Multivariate Distributions in Non-Stationary Complex Systems I: Random Matrix Model and Formulae for Data Analysis

TL;DR

This paper introduces a new model for analyzing heavy-tailed multivariate distributions in non-stationary complex systems, with applications to financial data and risk assessment of rare events.

Contribution

It presents a novel model capturing how non-stationary correlation fluctuations lead to heavier distribution tails, simplifying parameter fitting for practical data analysis.

Findings

Derived joint distributions for linear combinations of amplitudes.

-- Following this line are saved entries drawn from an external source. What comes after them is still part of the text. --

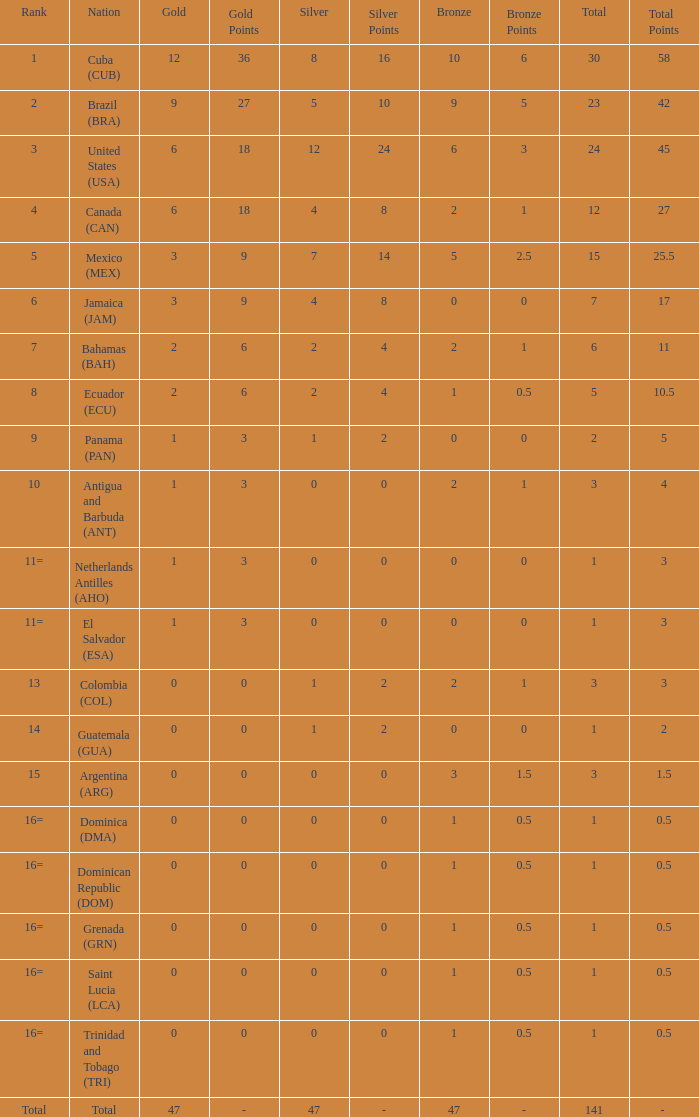What is the total gold with a total less than 1? None. 
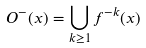<formula> <loc_0><loc_0><loc_500><loc_500>O ^ { - } ( x ) = \bigcup _ { k \geq 1 } f ^ { - k } ( x )</formula> 
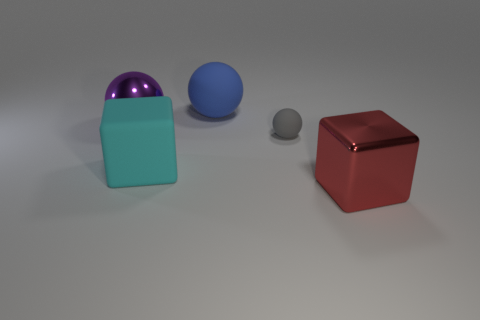Subtract all blue balls. How many balls are left? 2 Add 5 large brown rubber blocks. How many objects exist? 10 Subtract all purple balls. How many balls are left? 2 Subtract all spheres. How many objects are left? 2 Subtract 1 spheres. How many spheres are left? 2 Add 3 tiny gray things. How many tiny gray things exist? 4 Subtract 1 blue balls. How many objects are left? 4 Subtract all cyan cubes. Subtract all green cylinders. How many cubes are left? 1 Subtract all yellow blocks. How many green balls are left? 0 Subtract all large red shiny cubes. Subtract all large blue spheres. How many objects are left? 3 
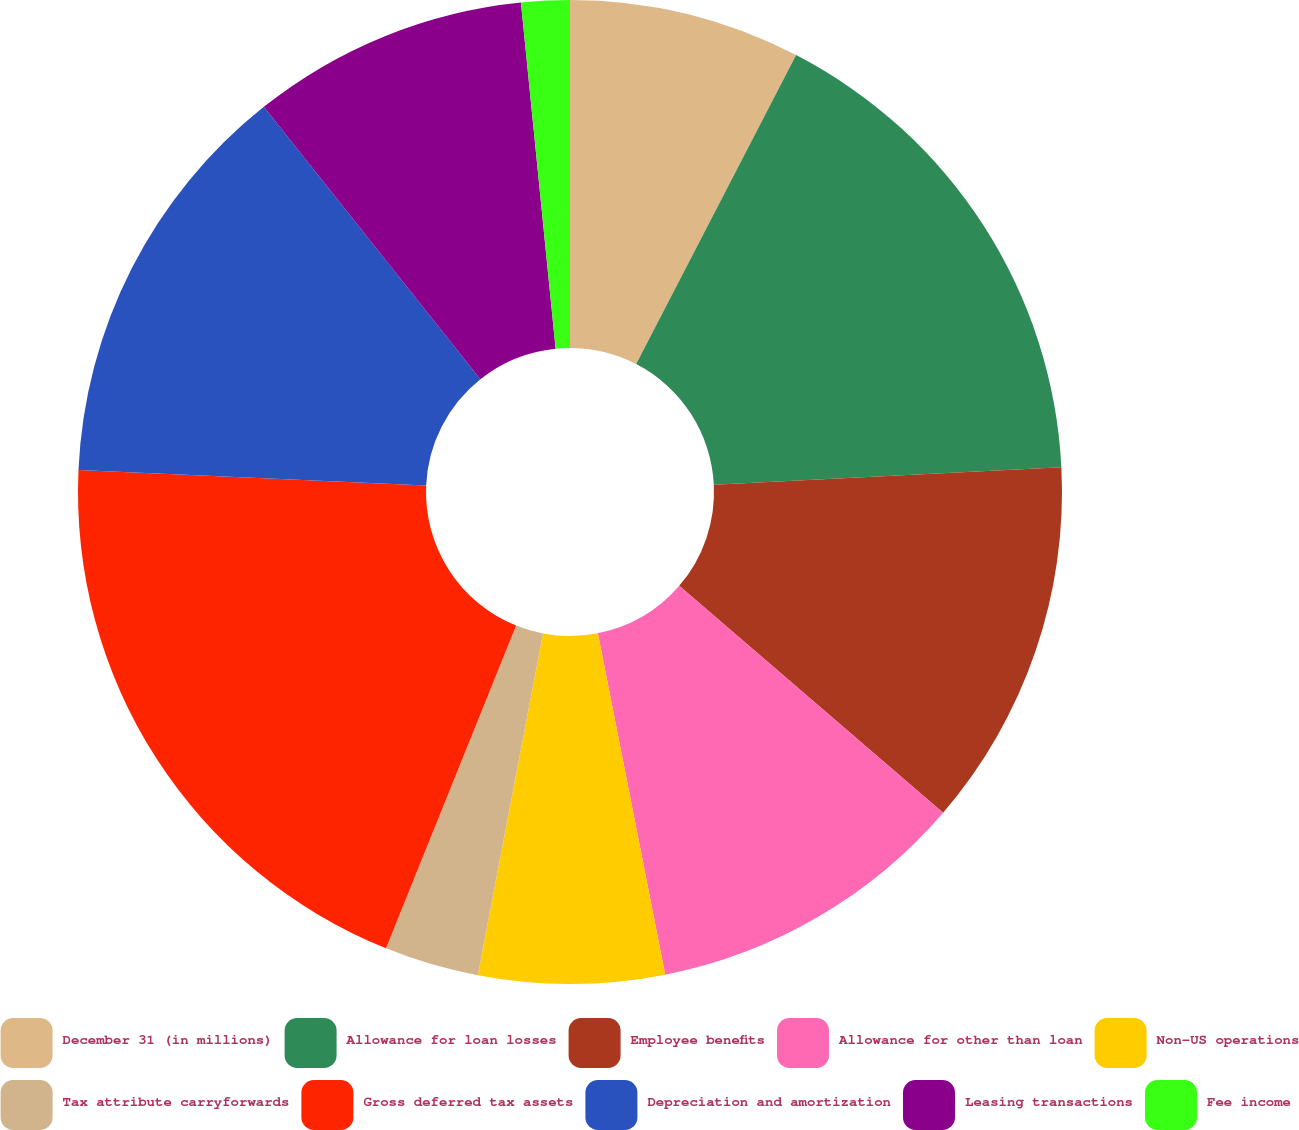Convert chart to OTSL. <chart><loc_0><loc_0><loc_500><loc_500><pie_chart><fcel>December 31 (in millions)<fcel>Allowance for loan losses<fcel>Employee benefits<fcel>Allowance for other than loan<fcel>Non-US operations<fcel>Tax attribute carryforwards<fcel>Gross deferred tax assets<fcel>Depreciation and amortization<fcel>Leasing transactions<fcel>Fee income<nl><fcel>7.6%<fcel>16.6%<fcel>12.1%<fcel>10.6%<fcel>6.1%<fcel>3.1%<fcel>19.61%<fcel>13.6%<fcel>9.1%<fcel>1.59%<nl></chart>

Validated model with financial data.

Explicitly calculated moments of the distributions.

Abstract

Risk assessment for rare events is essential for understanding systemic stability in complex systems. As rare events are typically highly correlated, it is important to study heavy-tailed multivariate distributions of the relevant variables, especially in the presence of non-stationarity. We use a generalized scalar product between correlation matrices to clearly demonstrate this non-stationarity. Further, we present a model that we recently put forward, which captures how the non-stationary fluctuations of correlations make the tails of multivariate distributions heavier. Here, we provide the resulting formulae including Gaussian or Algebraic features. Compared to our previous results, we manage to remove in the Algebraic cases one out of the two, respectively three, fit parameters which considerably facilitates applications. We demonstrate the usefulness of these results by deriving joint distributions for linear combinations of amplitudes and validating them with financial data. Furthermore, we explicitly work out the moments of our model distributions. In a forthcoming paper we apply the model to financial markets.